Additionally, active transportation can have a massive positive impact on employee wallets. Owning and maintaining a car is expensive, and is one of the few investments that never increases in value. In 2012, the average annual cost of owning a car was nearly $9,000. Comparatively, buying a decent commuter bike ranges from $500 to $1,500 and costs roughly $50 to maintain yearly – if the bikes are taken to shops and not self-maintained. Walking, of course, is completely free!

How does it Benefit Businesses?

For employees, the benefits of active transportation are clear. But what about the benefits for businesses?

Perhaps the greatest benefit is the reduction in the number of sick days that are taken by employees. According to one Dutch think tank, increasing the number of people that use active transportation to get to work by one percent could generate nearly $34 million lost by Dutch businesses annually due to missed work. Of course, this number is based upon a Dutch workforce of about 7.1 million people; the US has a workforce of over 154 million.

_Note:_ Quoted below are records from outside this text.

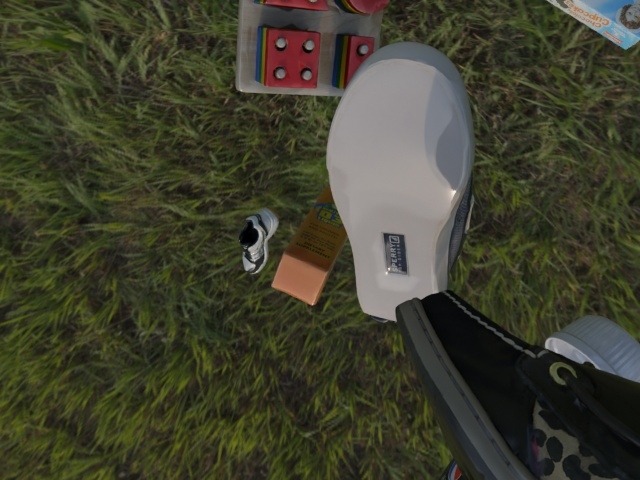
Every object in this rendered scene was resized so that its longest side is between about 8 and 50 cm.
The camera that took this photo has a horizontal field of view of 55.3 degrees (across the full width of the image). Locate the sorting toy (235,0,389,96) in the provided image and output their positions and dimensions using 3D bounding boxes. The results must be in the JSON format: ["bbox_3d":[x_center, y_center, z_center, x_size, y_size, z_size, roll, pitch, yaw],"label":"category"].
[{"bbox_3d":[0.000,-0.368,1.012,0.257,0.089,0.256,-4,111,-24],"label":"sorting toy"}]

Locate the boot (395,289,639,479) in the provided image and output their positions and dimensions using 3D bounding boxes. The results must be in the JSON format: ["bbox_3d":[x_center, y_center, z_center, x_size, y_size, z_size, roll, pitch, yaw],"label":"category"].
[{"bbox_3d":[0.226,0.095,0.336,0.284,0.377,0.138,-31,118,-3],"label":"boot"}]

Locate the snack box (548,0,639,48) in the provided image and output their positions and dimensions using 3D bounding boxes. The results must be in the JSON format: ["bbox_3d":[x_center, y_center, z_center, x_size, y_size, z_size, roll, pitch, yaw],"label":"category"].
[{"bbox_3d":[0.481,-0.516,1.113,0.321,0.060,0.187,33,87,2],"label":"snack box"}]

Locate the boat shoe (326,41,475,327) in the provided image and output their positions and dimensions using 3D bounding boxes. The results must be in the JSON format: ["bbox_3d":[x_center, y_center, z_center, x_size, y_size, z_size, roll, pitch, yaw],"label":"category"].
[{"bbox_3d":[0.091,-0.066,0.603,0.127,0.158,0.341,12,140,14],"label":"boat shoe"}]

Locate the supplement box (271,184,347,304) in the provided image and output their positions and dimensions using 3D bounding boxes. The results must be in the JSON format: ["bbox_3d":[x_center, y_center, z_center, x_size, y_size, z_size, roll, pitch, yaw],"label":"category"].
[{"bbox_3d":[0.000,0.000,1.000,0.078,0.233,0.080,23,124,3],"label":"supplement box"}]

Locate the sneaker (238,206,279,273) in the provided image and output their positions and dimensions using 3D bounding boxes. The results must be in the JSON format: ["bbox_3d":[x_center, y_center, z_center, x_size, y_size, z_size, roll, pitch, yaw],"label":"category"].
[{"bbox_3d":[-0.071,0.003,0.622,0.032,0.037,0.083,37,130,24],"label":"sneaker"}]

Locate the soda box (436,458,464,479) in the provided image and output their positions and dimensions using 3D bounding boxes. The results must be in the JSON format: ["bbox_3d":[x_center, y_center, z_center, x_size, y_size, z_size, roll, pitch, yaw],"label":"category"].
[{"bbox_3d":[0.130,0.238,0.539,0.060,0.053,0.169,31,105,1],"label":"soda box"}]

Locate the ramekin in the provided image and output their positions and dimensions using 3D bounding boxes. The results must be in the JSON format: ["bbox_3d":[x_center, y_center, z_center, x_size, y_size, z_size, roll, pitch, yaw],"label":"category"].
[{"bbox_3d":[0.589,0.254,1.287,0.109,0.207,0.207,-36,106,-10],"label":"ramekin"}]
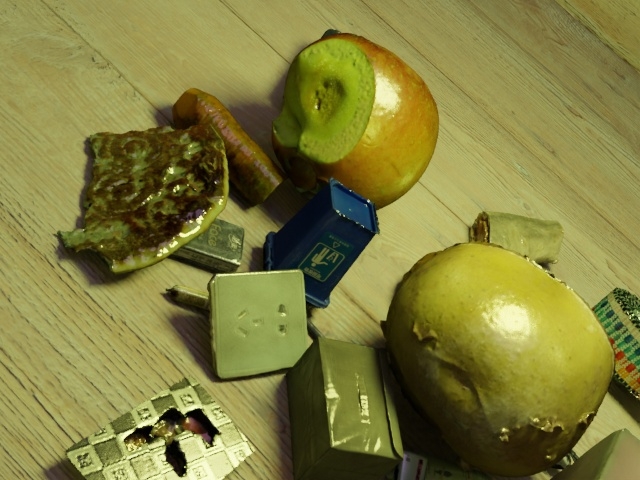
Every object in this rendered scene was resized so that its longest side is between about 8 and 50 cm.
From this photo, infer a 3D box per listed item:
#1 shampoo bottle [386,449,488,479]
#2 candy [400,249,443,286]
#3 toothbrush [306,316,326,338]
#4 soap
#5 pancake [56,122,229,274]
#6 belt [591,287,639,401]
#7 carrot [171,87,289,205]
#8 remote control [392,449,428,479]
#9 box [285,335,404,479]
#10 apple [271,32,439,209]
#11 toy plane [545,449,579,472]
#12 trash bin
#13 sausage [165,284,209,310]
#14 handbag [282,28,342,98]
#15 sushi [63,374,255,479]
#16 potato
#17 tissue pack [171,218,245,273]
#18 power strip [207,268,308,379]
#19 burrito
[{"bbox_3d":[0.223,0.450,1.733,0.212,0.049,0.072,16,52,-22],"label":"shampoo bottle"},{"bbox_3d":[0.297,0.145,2.010,0.259,0.118,0.260,21,45,-22],"label":"candy"},{"bbox_3d":[-0.022,0.172,1.837,0.288,0.024,0.026,48,29,13],"label":"toothbrush"},{"bbox_3d":[0.464,0.516,1.665,0.107,0.285,0.296,41,43,8],"label":"soap"},{"bbox_3d":[-0.337,-0.087,1.793,0.304,0.067,0.427,5,48,-2],"label":"pancake"},{"bbox_3d":[0.761,0.270,2.191,0.295,0.160,0.206,52,26,14],"label":"belt"},{"bbox_3d":[-0.201,-0.207,1.989,0.302,0.114,0.114,47,42,7],"label":"carrot"},{"bbox_3d":[0.159,0.470,1.650,0.065,0.029,0.166,21,68,-18],"label":"remote control"},{"bbox_3d":[0.041,0.316,1.650,0.148,0.155,0.231,14,48,-24],"label":"box"},{"bbox_3d":[0.061,-0.247,1.987,0.384,0.374,0.374,42,40,-16],"label":"apple"},{"bbox_3d":[0.504,0.460,1.900,0.197,0.078,0.053,50,38,-8],"label":"toy plane"},{"bbox_3d":[0.000,0.000,1.832,0.162,0.234,0.184,28,31,-23],"label":"trash bin"},{"bbox_3d":[-0.174,0.134,1.758,0.269,0.033,0.033,20,44,-19],"label":"sausage"},{"bbox_3d":[0.081,-0.370,2.316,0.303,0.122,0.329,30,41,-4],"label":"handbag"},{"bbox_3d":[-0.261,0.355,1.491,0.192,0.043,0.279,47,42,10],"label":"sushi"},{"bbox_3d":[0.295,0.250,1.698,0.442,0.385,0.319,45,39,10],"label":"potato"},{"bbox_3d":[-0.234,-0.001,1.825,0.156,0.051,0.112,20,43,-18],"label":"tissue pack"},{"bbox_3d":[-0.126,0.157,1.724,0.213,0.064,0.199,-2,90,-33],"label":"power strip"},{"bbox_3d":[0.486,-0.005,2.287,0.299,0.105,0.143,2,56,-35],"label":"burrito"}]
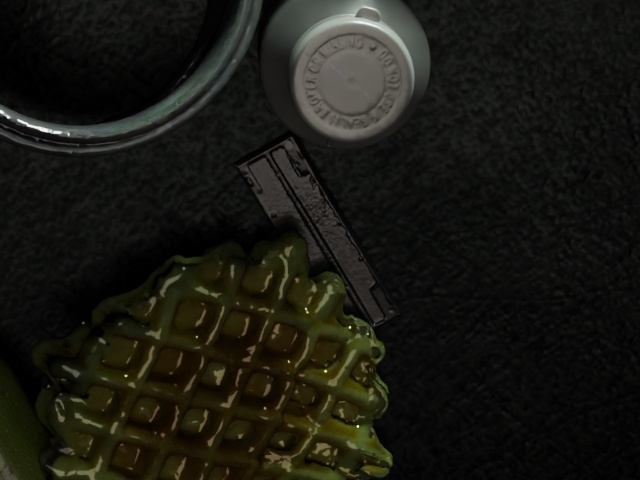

Companies also benefit economically from a greater percentage of active transporters in the community. Because bikers and walkers are generally moving at a slower pace, they are more likely to look around and notice the small businesses that they are passing. They may become interested and swing in to check something out or perhaps make a purchase. This happens so frequently that multiple economists have acknowledged that active commuting access is actually better for small businesses than car access.  

 

A large percentage of companies offer certain initiatives for their employees to pursue a healthy, active lifestyle such as free gym memberships or healthy food challenges. These are great activities. Regardless, the impacts of promoting active transportation to work can have an equal, if not greater, beneficial effect on companies, their employees, and their local communities.